December 9, 2017

Happy Fezmas (or Getting started with Fez)

Fez has always had an affinity with Father Christmas (some call him Santa this is obviously not correct). Why I hear you ask? Well one of them wears a red hat and one of them is a red hat. They are very close. Hence this blog post is coming incredibly easy for me (Karl) and not at all something I just I forced myself to write whilst jet-lagging.

You may by now assume that fez isn’t just a hat from the Moroccan city of the same name. Not at all. Fez is also an F# to (core) erlang compiler! In short fez takes F# code (or rather a subset of F# code) and translates it to core erlang then compiles it to beam using the standard erlang (erlc) compiler. Some people may refer to this as “transpiling” - I am on the other hand pretty sure that is not a word or at least not a word with a clear definition so will never use it.

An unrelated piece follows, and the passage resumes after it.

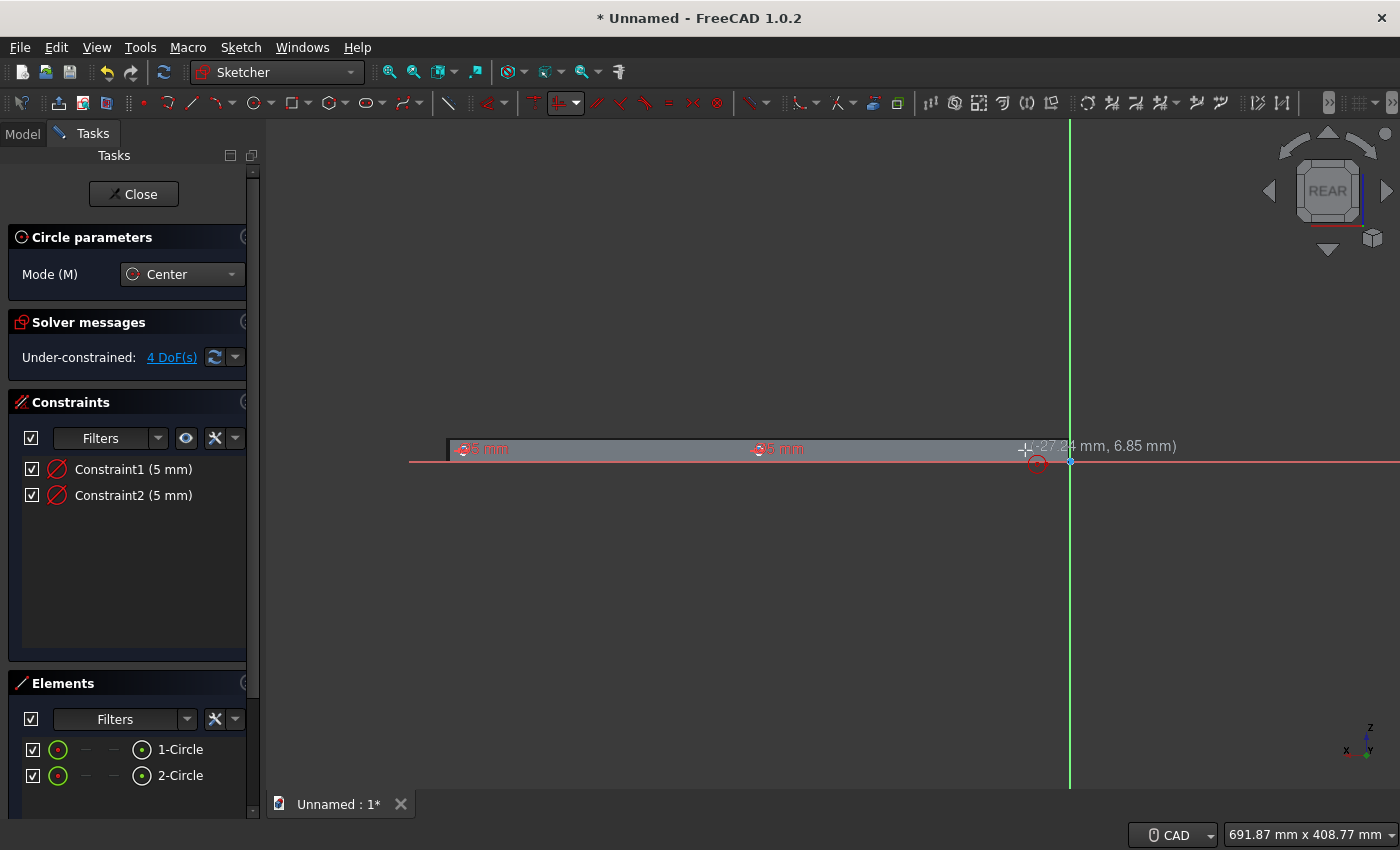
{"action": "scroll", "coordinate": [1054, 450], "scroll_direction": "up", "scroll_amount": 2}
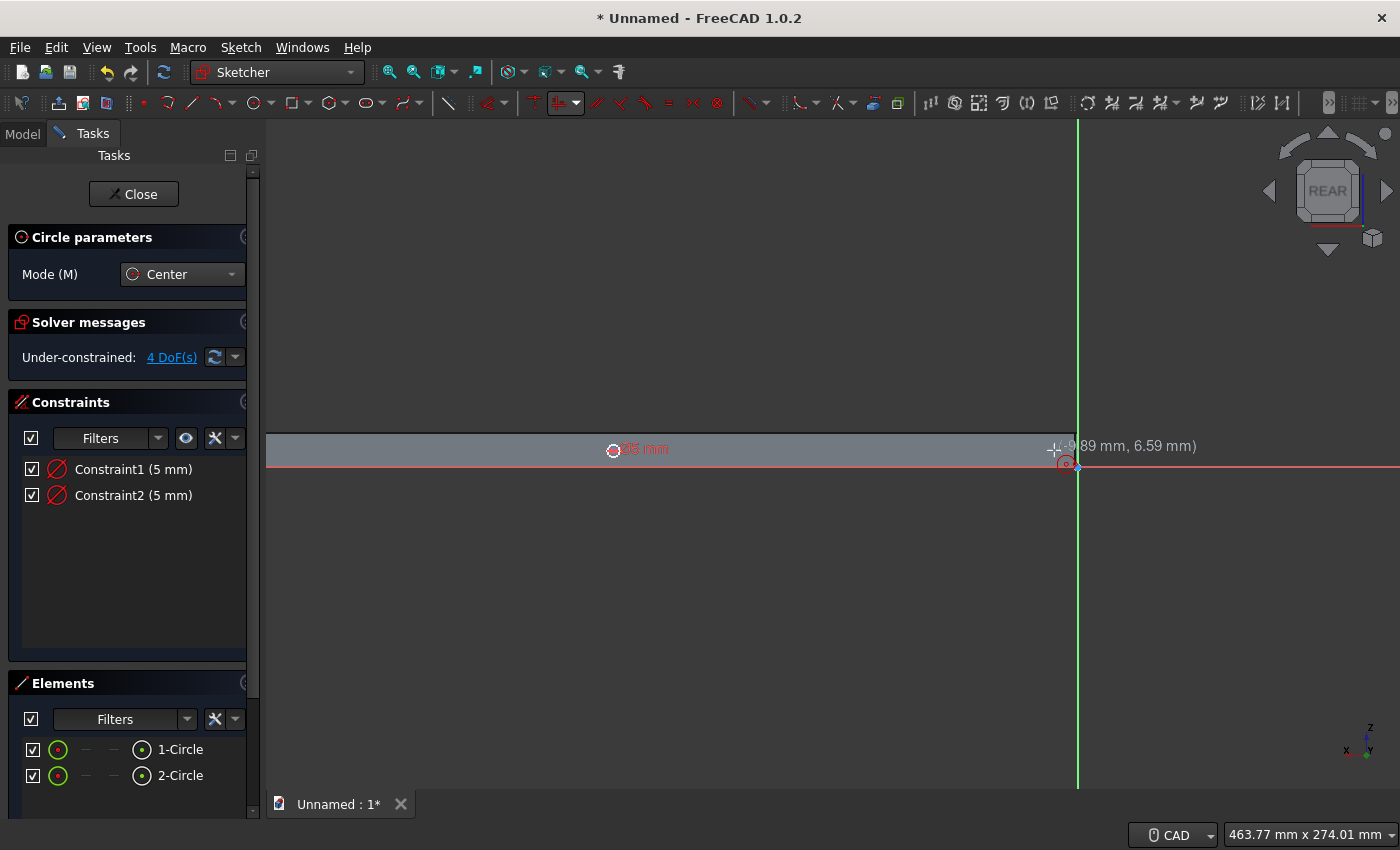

This blog will guide you through getting started with fez ( the version available at the time of writing is 0.1.0-alpha.2).

Fezzing up

To get started download the latest version available for your platform on the github releases page. Unzip the release and optionally add the directory to you PATH. All commands in this entry assumes the fez release was downloaded to the same directory as our project.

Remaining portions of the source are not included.